All three independent forensic pathologists said the coroner should have tracked down the information she needed to make a decision. The bleeding in Mr Cameron's throat made it clear he had suffocated, they said.

“They shouldn't have declared it indefinite and abandoned it,” said Dr. Cyril Wecht, past president of the American College of Legal Medicine and the American Academy of Forensic Science. “It was up to them to get more information from the police.”

A toxicology report found methamphetamine in Mr Cameron's blood, but pathologists agreed the drug did not cause his death.
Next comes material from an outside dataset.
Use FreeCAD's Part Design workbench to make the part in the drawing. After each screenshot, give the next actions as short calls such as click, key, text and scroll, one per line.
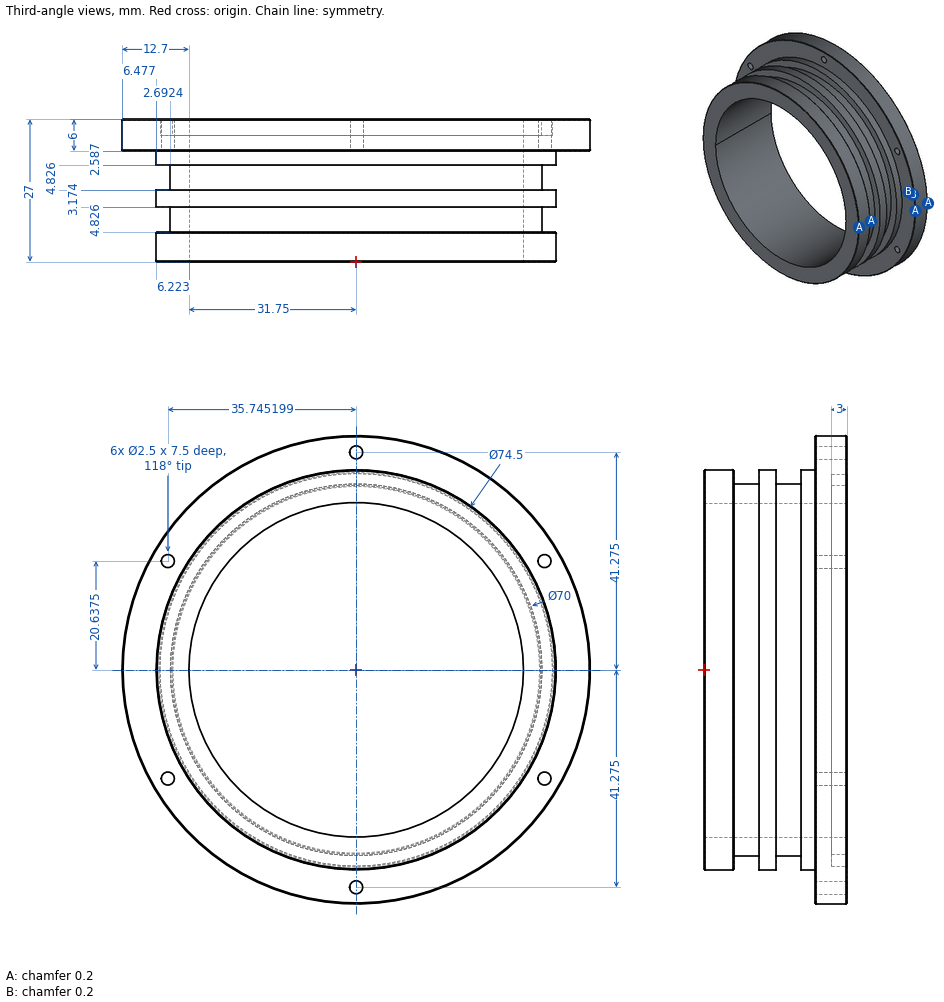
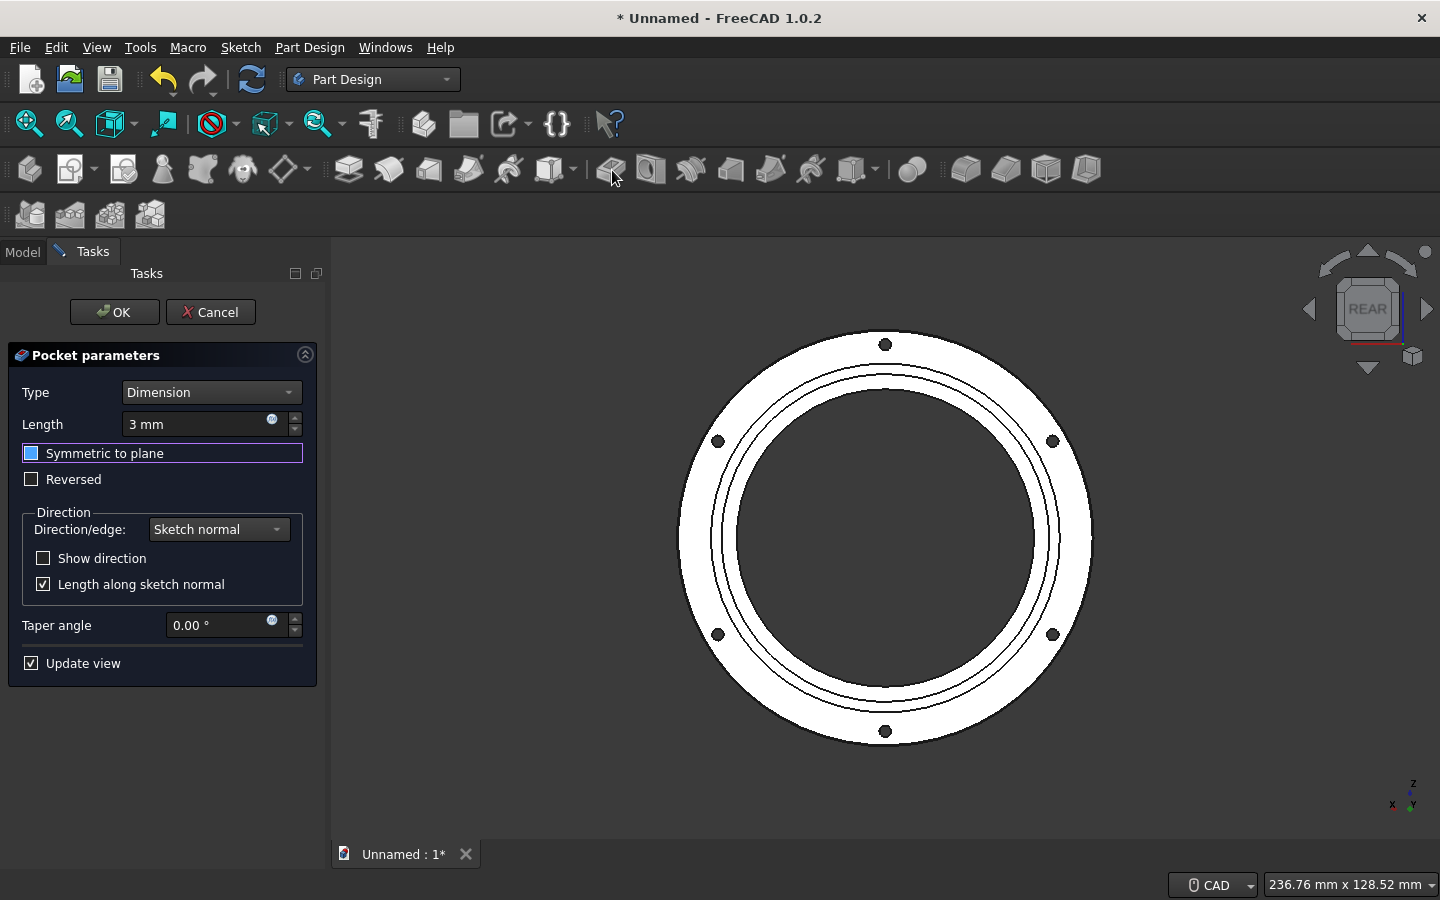
click(115, 312)

Coroners said the agency would reconsider the case if requested to do so by the Mississippi Attorney General or the local attorney general's office.

“It was undetermined,” said Mr Tindell, the commissioner for the public safety department. “That doesn't mean it can't be determined later.”

A representative for the attorney general's office referred reporters to District Attorney Bramlett, who did not respond to requests for comment.

In a written response to The Times, Sheriff Bailey said his department cooperated with the Mississippi Bureau of Investigation's investigation and found that the bureau found no wrongdoing.

“Upon request, we will fully cooperate with any law enforcement agency in any future investigation into this incident,” Sheriff Bailey wrote.

Mr Shabazz said he plans to consult with the pathologists and update Ms Lee's lawsuit to include their findings. He hopes the new information will prompt state officials to reconsider the case.

Ms. Lee said she just wanted the world to know the truth.

“That's what they did to my kid,” she said. “You can't tell me it was indefinite.”

Nate Rosenfield and Brian Howey are reporters for the Mississippi Center for Investigative Reporting at Mississippi Today, a nonprofit newsroom that reports on the state.